The AP spoofing attack on a fingerprinting-based positioning system is a problem that can introduce increased localization errors and lead users to believe they are at a different location, especially in complex indoor environments. To achieve this, attackers send fake AP beacons that affect the RSS fingerprints sent by the user’s device to the server.

In order to analyze the performance of the proposed algorithms alongside the original testing dataset, datasets with added RSS values that represent spoofing were used in the evaluation. Two different datasets were created to simulate AP spoofing scenarios. In both scenarios, datasets were created with different numbers of spoofed APs ranging from 1 to 10 for each positioning request, since in real-world conditions the attacker can send beacons from multiple fake APs.

In Scenario 1, we assume that the attacker knows some of the MAC addresses of APs stored in the radio map. The attack is performed by sending beacons with those MAC addresses. This attack represents the simplest way of implementation, as we assume the attacker will just plant some random APs in the area without setting their powers to emulate realistic fingerprints from the radio map database.

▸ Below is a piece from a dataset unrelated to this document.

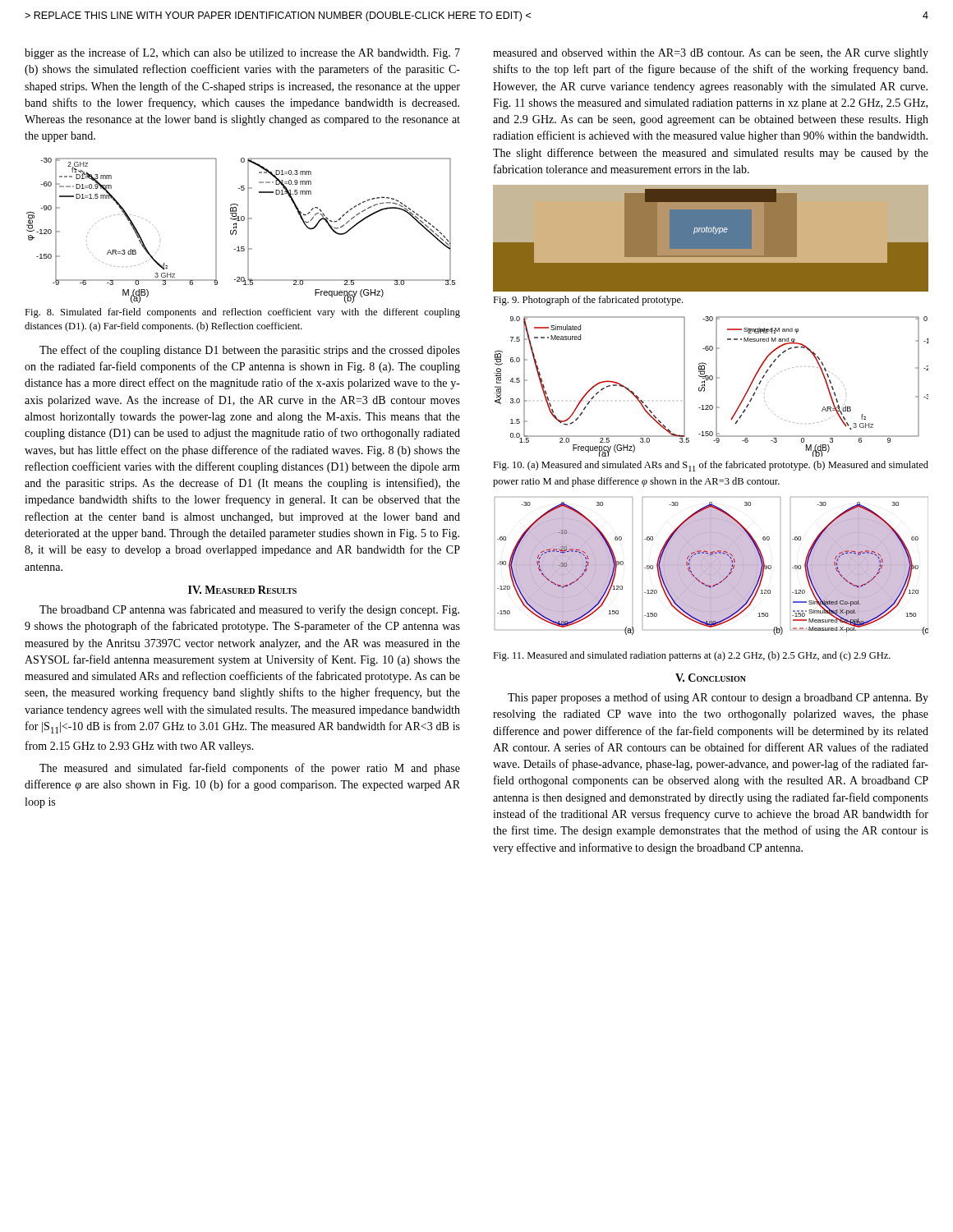Locate the text starting "The broadband CP antenna was"
The image size is (953, 1232).
[x=242, y=678]

It should be noted here that users, who could represent attackers, do not have direct access to the data in the radio map database. In this scenario, a given number of fake APs was randomly selected and these were given a random RSS value between −70 dBm and −30 dBm. Therefore, the attacker does not necessarily have information about the parameters of APs required for a more sophisticated attack.

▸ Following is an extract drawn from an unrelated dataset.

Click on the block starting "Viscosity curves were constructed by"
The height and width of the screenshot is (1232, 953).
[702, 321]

On the other hand, Scenario 2 represents a more severe situation, where the number of spoofed APs increases. In this case, we assume that the attacker has some knowledge about the RSS values that would represent a valid localization request from an area far from the real position. The attacker is trying to recreate measurements he obtained in another place and thus affects the operation of the localization system.

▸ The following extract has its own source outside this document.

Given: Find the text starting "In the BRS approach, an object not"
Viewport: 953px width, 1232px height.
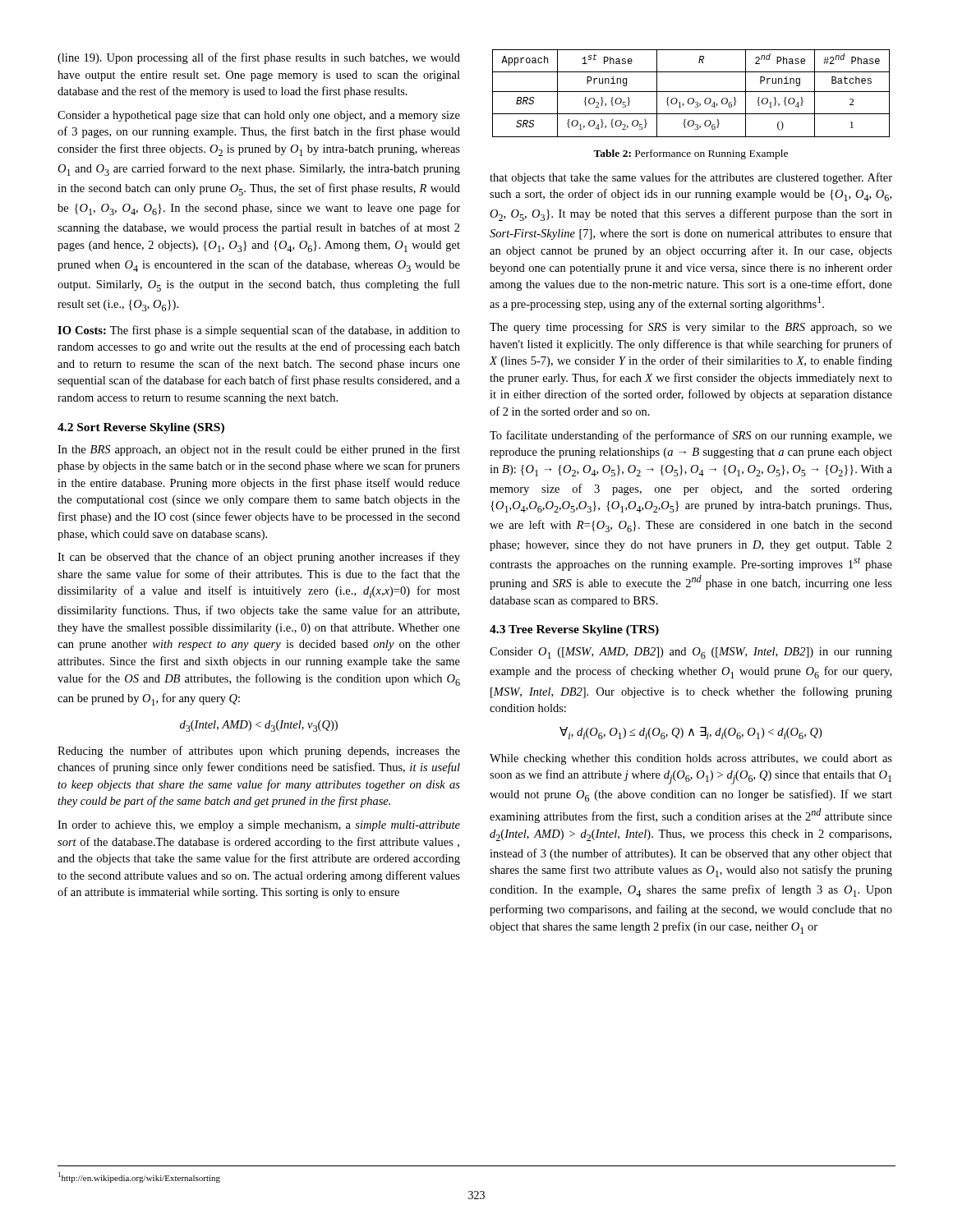Looking at the screenshot, I should [x=259, y=491].

In this scenario, in order to create the dataset with spoofing attacks a fingerprint from another building was selected and RSS values from a number of APs were copied to the original localization request. By randomly selecting data from a different building, we can assume that the spoofed APs will be different than the APs normally detected by the mobile device.

In this case, the attacker sends beacons with MAC addresses with specific RSS values, and the user device will receive a (partial) copy of the fingerprint from another location, i.e., another building. The attacker aims to make the user believe they are in a specific place, where the fake APs are normally located. Due to the nature of the used dataset, in some situations, the user may receive more beacons from fake APs than from real APs. Thus, it can be assumed that the impact on the localization performance will be significant.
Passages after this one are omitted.